Brewing giants in Suffolk have hailed the Chancellor after he announced a 1p cut in the price of a pint for the second year running in today’s Budget.

George Osborne unveiled the move in a bid to help an embattled pub industry which has seen around 700 Suffolk pubs close in the last two decades.

The Chancellor last year scrapped a planned 3p rise in beer duty and replaced it with a 1p cut in the price of a pint – with another 1p cut in duty in a pint of beer revealed today.

Mr Osborne also announced plans to scrap the alcohol duty escalator – which normally goes up by inflation plus 2% each year – despite warnings from health experts.

Rooney Anand, chief executive of Greene King, said that although today’s Budget was not a “game-changer”, it would serve to address issues within the industry and help to “stem the tide of pub closures”.

“Our economy is at a crucial turning point; therefore anything that puts more money in to the pocket of consumers to stimulate growth is welcomed,” he said.

“Greene King has been calling on the Chancellor to cut beer duty in this Budget as it is popular with customers and promotes growth in our sector. It is good to see that after years of increases George Osborne is serious about cutting the burden on the beer and pub sector.

“This cut, which we will pass on to our hard-working licensees immediately, will facilitate more investment and employment. If this leads to further cuts going forward then it could provide significant help to stem the tide of pub closures.”

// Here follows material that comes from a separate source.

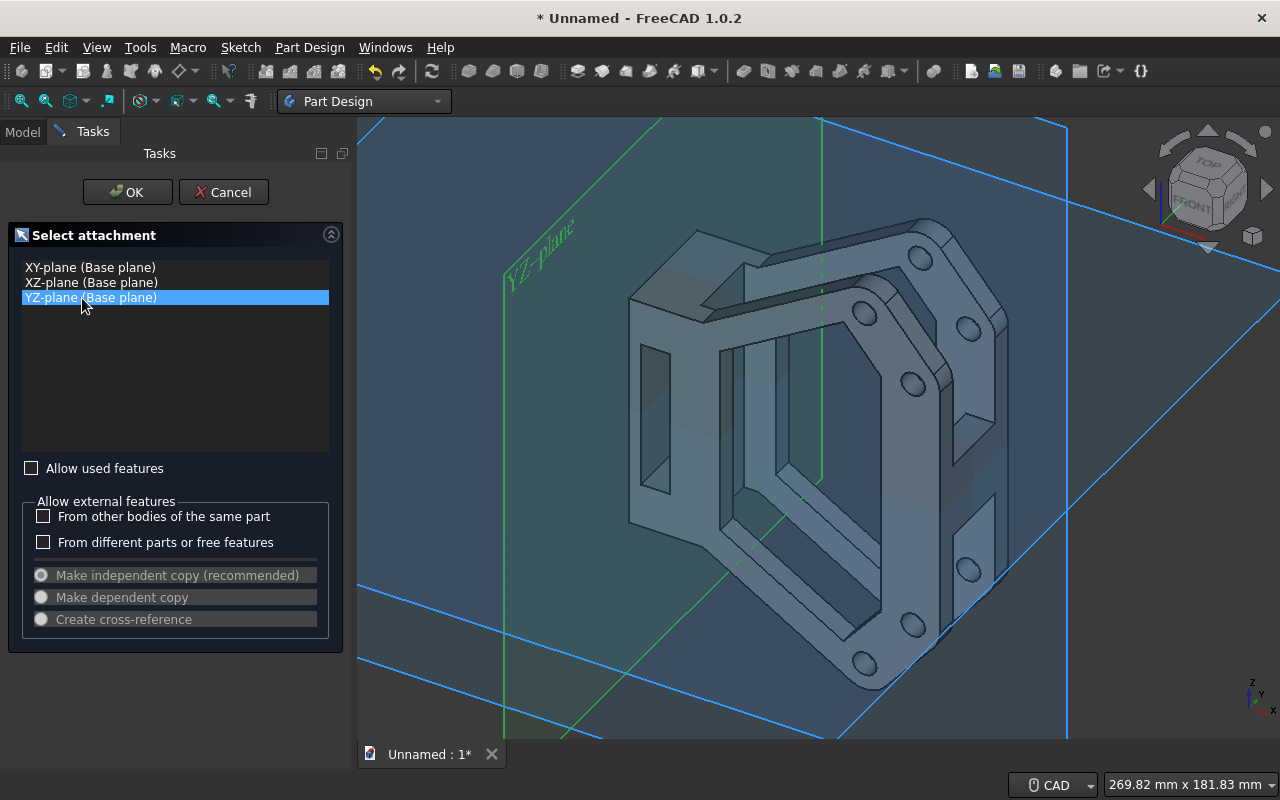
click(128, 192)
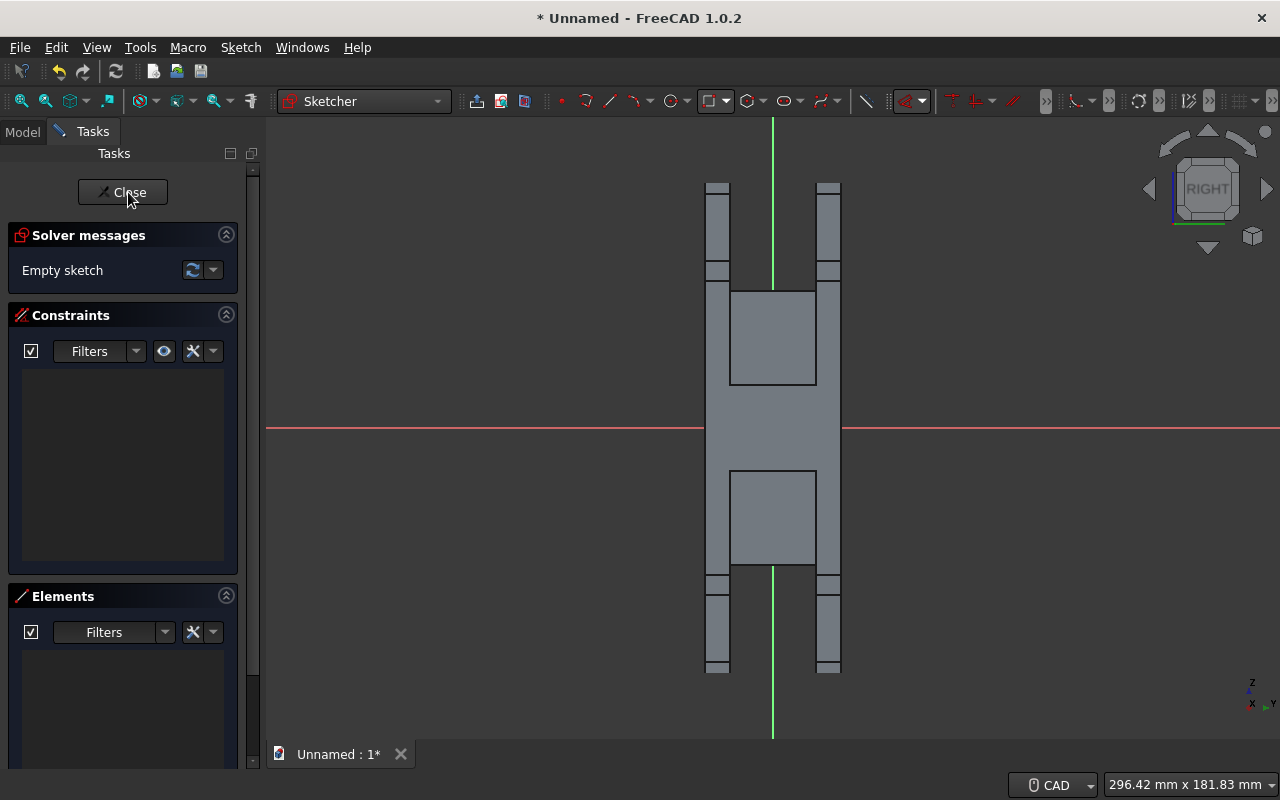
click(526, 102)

He added: “The introduction of degree level apprenticeships is another positive step in helping to tackle youth unemployment and it would be used to good effect within the pub and beer sector. However, I am disappointed that the Chancellor did not extend the National Insurance exemption to under-25s.”

Stephen Pugh, finance director at Adnams, described the announcement as “great news”.

He said: “It is heartening that the Chancellor has continued to support beer, pubs and pub-goers for a second consecutive year.

“Given that beer duty had risen 40% since 2008, this action was long overdue. The abolition of above-inflation increases on other drinks is also most welcome. Long may this policy continue.”

Mr Osborne said: “We’ve introduced new laws to prevent alcohol being sold below minimum tax rates, and this helps prevent supermarkets undercutting pubs, and helps stop problem drinking.

“It’s a far more targeted approach than the alcohol duty escalator hated by many responsible drinkers.”

Mike Benner, chief executive of the Campaign for Real Ale (Camra), said: “Camra is delighted to see the Chancellor implementing an unprecedented second consecutive cut of 1p in beer duty. This is not only about keeping the price of a pint affordable in British pubs but helping an industry which has been in overall decline continue on its long road to recovery.

“Camra cares greatly about the future of the great British pub and it is clear from this Budget announcement that the Government do too.

“Keeping the price of a pint affordable is vital for the long-term health of the pub sector and Camra would hope this latest vote of confidence in British pubs will go some way to slowing the rate of closures, by encouraging more people to make use of their local this summer.

“No doubt many of our 160,000 members will be raising a glass to the Chancellor this evening to toast another brilliant Budget for British beer drinkers.”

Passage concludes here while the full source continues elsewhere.